# Exercise details:
Copy each line of the data below exactly, leaving out pictures.

# Extracted records:
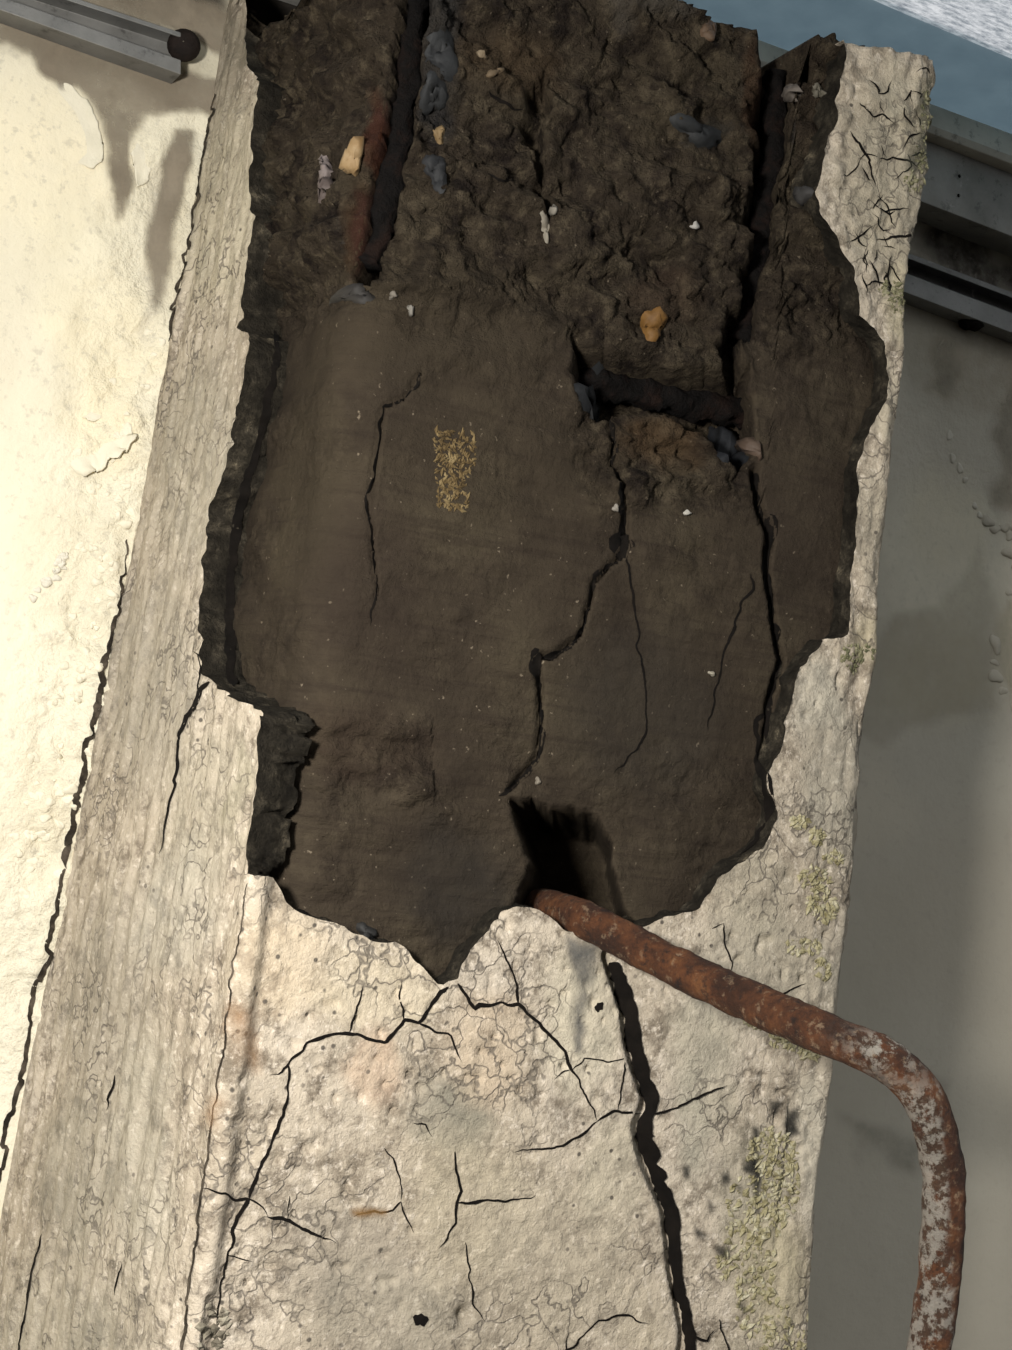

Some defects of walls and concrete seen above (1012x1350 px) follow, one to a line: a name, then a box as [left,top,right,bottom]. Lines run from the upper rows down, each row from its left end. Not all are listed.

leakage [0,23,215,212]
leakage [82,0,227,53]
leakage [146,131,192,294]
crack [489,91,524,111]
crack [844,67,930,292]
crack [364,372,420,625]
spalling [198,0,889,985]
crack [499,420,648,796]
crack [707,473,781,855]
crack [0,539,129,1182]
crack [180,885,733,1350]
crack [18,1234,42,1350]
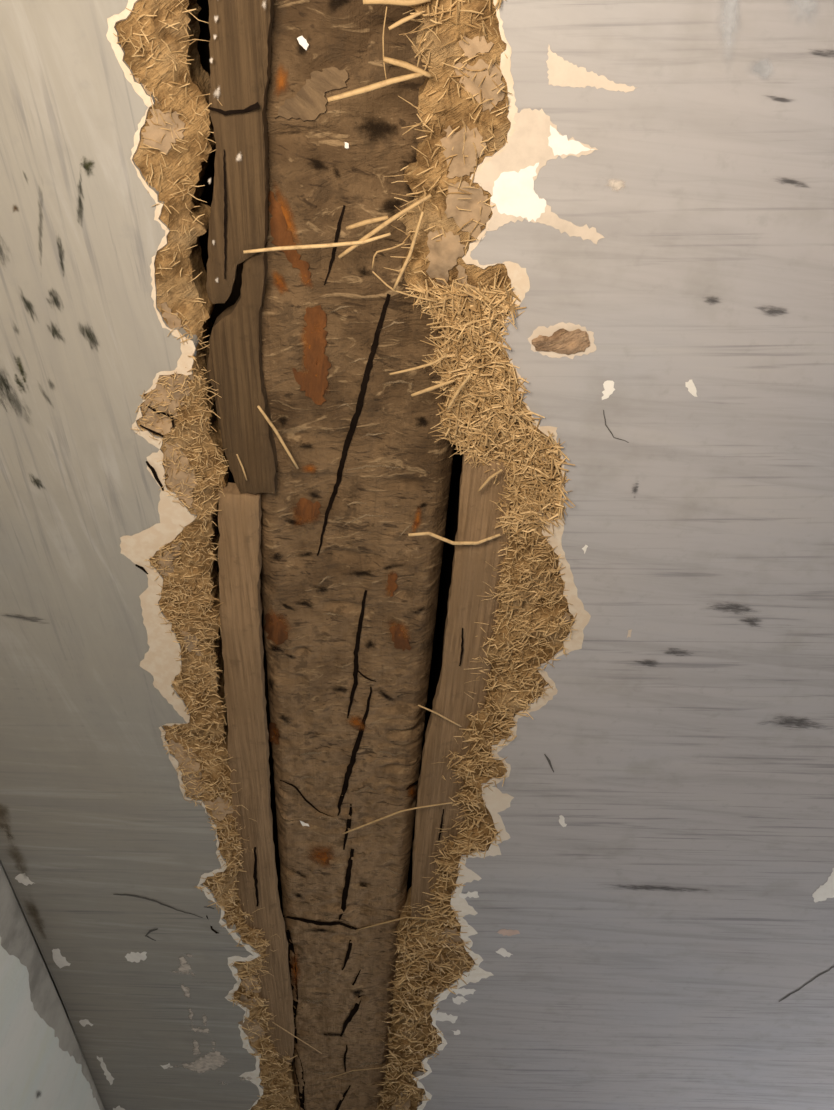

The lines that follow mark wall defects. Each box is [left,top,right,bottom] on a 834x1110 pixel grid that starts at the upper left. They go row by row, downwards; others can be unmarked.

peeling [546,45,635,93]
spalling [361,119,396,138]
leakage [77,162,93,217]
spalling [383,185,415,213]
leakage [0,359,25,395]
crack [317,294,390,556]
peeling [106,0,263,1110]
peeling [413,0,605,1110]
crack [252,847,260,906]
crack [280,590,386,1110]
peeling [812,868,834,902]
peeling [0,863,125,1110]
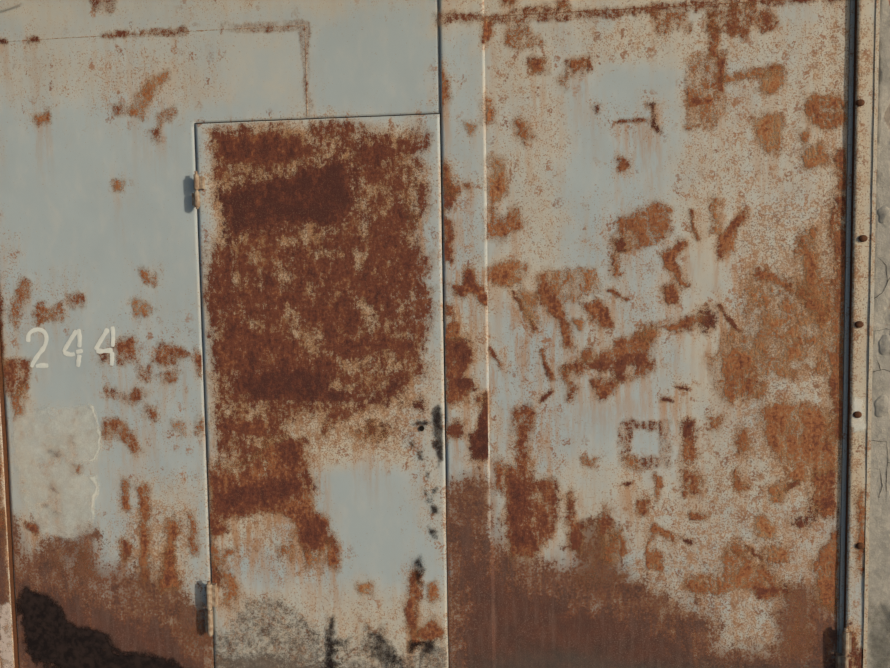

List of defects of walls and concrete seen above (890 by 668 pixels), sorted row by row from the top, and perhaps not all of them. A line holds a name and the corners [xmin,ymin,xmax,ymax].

# Your response:
Some defects of walls and concrete seen above (1012x1350 px) follow, one to a line: a name, then a box as [left,top,right,bottom]. Lines run from the upper rows down, each row from its left end. Not all are listed.

leakage [0,23,215,212]
leakage [82,0,227,53]
leakage [146,131,192,294]
crack [489,91,524,111]
crack [844,67,930,292]
crack [364,372,420,625]
spalling [198,0,889,985]
crack [499,420,648,796]
crack [707,473,781,855]
crack [0,539,129,1182]
crack [180,885,733,1350]
crack [18,1234,42,1350]

The lines that follow mark wall defects. Each box is [left,top,right,bottom] on a 834x1110 pixel grid that starts at the upper left. They go row by row, downwards; others can be unmarked.

peeling [546,45,635,93]
spalling [361,119,396,138]
leakage [77,162,93,217]
spalling [383,185,415,213]
leakage [0,359,25,395]
crack [317,294,390,556]
peeling [106,0,263,1110]
peeling [413,0,605,1110]
crack [252,847,260,906]
crack [280,590,386,1110]
peeling [812,868,834,902]
peeling [0,863,125,1110]

List of defects of walls and concrete seen above (890 by 668 pixels), sorted row by row from the top, and perhaps not all of them. A line holds a name and the corners [xmin,ymin,xmax,ymax].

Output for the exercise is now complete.